> DATA TO PROCESS
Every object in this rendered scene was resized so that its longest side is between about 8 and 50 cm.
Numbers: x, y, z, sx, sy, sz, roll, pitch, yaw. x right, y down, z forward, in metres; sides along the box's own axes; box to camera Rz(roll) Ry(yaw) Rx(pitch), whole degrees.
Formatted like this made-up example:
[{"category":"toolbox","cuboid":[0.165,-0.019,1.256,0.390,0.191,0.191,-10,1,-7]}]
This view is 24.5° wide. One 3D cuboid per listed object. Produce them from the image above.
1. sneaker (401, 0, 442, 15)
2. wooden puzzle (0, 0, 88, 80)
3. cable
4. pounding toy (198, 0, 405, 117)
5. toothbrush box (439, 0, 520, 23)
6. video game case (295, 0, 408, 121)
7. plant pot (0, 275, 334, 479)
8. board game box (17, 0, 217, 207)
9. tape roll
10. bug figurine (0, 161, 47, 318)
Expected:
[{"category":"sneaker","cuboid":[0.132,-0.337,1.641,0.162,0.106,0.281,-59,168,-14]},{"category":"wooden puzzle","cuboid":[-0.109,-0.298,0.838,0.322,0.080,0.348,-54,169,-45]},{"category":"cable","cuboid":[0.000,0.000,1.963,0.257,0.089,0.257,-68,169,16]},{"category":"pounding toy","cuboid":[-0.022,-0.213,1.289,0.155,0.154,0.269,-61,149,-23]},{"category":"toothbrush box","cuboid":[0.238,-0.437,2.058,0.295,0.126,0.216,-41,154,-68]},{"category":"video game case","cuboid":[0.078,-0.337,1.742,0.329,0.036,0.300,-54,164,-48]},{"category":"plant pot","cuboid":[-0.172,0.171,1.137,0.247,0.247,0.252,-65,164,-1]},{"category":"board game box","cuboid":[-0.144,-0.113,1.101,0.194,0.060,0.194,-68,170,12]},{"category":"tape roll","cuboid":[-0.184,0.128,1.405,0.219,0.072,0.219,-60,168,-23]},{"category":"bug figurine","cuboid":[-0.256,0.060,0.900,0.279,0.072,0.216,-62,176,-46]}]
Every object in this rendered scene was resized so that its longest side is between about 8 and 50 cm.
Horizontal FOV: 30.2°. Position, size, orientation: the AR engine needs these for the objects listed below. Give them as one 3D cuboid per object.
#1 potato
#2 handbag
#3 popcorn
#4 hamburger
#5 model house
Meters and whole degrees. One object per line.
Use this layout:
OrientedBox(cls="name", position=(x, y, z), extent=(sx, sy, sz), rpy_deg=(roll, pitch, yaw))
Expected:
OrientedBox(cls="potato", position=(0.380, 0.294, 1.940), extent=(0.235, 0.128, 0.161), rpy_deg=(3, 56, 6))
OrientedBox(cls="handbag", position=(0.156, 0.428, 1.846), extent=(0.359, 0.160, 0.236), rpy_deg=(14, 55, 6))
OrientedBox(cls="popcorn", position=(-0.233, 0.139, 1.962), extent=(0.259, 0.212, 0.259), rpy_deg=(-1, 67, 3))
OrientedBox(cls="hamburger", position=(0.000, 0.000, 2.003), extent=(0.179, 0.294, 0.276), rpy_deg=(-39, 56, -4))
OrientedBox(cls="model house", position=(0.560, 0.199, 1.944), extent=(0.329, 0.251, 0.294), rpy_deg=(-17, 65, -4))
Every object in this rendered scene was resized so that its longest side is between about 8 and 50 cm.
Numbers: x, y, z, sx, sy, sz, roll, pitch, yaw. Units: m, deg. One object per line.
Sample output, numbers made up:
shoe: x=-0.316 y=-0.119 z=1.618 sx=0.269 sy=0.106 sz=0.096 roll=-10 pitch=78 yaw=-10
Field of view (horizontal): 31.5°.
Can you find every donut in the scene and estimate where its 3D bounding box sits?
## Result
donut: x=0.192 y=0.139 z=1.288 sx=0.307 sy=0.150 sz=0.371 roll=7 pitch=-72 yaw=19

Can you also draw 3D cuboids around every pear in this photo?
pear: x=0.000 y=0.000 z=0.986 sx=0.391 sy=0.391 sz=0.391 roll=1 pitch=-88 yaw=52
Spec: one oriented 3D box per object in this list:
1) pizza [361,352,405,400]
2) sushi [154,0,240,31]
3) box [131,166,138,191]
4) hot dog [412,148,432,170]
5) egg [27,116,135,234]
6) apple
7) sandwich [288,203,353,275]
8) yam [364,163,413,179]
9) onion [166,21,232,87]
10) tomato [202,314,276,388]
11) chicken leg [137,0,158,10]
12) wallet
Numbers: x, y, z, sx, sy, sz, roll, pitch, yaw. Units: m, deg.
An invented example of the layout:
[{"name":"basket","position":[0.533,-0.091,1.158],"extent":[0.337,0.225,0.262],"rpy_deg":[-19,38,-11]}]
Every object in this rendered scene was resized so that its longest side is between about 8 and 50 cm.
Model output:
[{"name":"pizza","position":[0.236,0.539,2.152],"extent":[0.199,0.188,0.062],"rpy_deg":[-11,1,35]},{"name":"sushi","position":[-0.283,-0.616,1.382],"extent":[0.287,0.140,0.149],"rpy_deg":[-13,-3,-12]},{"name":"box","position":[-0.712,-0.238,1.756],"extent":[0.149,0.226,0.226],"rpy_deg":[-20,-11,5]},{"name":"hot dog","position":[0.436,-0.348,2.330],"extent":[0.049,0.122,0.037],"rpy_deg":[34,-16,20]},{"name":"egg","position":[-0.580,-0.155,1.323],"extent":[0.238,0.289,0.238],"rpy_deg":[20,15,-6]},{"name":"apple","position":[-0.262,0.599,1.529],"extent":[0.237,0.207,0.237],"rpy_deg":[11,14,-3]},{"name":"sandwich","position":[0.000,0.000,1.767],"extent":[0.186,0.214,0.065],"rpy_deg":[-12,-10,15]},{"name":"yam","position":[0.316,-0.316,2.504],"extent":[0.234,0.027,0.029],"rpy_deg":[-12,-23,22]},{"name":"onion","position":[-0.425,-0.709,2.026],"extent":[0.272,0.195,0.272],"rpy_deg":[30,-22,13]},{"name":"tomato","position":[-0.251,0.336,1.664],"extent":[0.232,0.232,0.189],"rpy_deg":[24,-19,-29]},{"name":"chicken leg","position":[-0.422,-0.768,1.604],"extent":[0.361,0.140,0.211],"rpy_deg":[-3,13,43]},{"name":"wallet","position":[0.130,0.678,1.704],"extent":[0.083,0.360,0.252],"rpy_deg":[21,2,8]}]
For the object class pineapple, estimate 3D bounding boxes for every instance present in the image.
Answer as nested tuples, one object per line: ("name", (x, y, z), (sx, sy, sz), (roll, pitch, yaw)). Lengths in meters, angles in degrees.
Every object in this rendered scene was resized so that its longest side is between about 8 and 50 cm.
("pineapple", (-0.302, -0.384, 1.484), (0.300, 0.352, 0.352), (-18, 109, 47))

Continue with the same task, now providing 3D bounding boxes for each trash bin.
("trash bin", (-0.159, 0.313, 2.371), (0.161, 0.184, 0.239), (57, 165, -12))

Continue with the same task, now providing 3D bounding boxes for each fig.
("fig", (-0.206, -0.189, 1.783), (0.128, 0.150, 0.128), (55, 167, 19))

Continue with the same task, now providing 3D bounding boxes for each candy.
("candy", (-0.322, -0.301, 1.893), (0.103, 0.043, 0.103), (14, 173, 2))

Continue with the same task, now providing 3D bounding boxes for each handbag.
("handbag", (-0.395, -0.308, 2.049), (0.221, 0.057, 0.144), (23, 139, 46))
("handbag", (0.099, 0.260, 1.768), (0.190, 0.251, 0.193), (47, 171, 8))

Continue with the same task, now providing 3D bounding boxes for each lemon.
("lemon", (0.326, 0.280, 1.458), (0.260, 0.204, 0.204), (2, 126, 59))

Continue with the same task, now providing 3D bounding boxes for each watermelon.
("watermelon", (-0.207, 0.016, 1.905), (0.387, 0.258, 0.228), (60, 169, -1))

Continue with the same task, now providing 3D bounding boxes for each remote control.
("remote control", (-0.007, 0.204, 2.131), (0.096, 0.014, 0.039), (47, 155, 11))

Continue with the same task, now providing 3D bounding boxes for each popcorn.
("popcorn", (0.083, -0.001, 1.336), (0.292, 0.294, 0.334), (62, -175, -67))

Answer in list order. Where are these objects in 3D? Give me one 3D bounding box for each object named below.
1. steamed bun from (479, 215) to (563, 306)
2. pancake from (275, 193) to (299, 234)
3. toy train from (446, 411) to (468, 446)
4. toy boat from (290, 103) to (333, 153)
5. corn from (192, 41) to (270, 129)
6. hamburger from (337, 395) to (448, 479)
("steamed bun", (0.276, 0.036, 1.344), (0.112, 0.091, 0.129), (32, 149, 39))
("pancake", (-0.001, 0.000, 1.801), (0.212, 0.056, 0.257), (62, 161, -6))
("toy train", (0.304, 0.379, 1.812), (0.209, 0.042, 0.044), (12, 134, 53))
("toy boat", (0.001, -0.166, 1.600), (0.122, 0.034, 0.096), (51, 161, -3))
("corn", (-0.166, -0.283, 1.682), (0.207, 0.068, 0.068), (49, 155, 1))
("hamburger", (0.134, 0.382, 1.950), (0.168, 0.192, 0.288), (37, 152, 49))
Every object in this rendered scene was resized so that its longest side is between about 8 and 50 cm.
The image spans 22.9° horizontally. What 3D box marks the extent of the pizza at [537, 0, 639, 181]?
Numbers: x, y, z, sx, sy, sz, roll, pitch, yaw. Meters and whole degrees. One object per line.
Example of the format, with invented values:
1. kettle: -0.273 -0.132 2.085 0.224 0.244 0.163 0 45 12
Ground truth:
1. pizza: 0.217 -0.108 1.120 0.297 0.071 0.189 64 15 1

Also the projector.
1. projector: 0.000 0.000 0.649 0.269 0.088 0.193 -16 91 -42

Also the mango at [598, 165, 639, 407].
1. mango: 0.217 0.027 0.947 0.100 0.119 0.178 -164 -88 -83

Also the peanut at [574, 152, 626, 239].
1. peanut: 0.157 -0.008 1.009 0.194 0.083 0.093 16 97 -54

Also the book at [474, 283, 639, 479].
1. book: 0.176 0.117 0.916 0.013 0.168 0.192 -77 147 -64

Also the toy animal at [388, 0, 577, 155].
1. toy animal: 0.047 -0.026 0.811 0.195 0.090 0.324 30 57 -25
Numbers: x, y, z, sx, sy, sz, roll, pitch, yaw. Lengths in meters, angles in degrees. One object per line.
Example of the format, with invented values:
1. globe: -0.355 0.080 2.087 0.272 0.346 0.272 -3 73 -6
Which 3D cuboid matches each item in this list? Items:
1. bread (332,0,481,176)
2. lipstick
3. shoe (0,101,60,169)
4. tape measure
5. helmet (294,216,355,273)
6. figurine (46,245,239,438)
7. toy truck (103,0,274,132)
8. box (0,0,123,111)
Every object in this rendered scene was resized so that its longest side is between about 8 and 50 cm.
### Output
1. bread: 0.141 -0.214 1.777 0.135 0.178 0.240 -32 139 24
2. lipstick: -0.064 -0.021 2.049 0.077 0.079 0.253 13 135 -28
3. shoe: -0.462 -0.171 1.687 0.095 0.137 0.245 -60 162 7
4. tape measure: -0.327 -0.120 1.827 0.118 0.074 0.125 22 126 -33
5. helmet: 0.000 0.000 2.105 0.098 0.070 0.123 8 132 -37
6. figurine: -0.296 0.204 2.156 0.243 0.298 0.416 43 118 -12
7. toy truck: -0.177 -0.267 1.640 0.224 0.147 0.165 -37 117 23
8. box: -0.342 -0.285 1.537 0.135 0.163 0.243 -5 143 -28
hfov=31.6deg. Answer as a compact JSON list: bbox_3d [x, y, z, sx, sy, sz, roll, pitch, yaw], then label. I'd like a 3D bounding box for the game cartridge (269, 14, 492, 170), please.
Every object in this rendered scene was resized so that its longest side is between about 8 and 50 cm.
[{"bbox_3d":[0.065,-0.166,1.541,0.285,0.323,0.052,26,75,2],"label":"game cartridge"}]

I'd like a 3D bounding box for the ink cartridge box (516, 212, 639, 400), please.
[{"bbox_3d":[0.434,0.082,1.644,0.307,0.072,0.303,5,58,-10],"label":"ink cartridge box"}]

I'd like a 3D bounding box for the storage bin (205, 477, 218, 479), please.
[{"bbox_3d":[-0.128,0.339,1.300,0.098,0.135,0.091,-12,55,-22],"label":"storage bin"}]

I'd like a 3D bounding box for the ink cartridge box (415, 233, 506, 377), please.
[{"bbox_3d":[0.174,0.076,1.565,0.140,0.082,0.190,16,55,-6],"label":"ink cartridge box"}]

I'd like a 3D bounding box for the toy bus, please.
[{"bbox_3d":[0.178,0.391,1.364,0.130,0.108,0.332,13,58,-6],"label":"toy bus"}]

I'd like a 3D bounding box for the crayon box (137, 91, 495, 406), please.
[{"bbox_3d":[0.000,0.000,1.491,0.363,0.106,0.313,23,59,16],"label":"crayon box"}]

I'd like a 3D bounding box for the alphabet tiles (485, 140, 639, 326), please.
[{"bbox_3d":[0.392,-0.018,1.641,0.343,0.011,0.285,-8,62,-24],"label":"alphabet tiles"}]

> PROBLEM REQUIREMENTS
Would you restate, word for word, every line of the listing from its first line through the line with "Numbers: x, y, z, sx, sy, sz, roll, pitch, yaw. x"?

> SOLUTION TO THIS PROBLEM
Every object in this rendered scene was resized so that its longest side is between about 8 and 50 cm.
Numbers: x, y, z, sx, sy, sz, roll, pitch, yaw. x right, y down, z forward, in metres; sides along the box's own axes; box to camera Rz(roll) Ry(yaw) Rx(pitch), whole degrees.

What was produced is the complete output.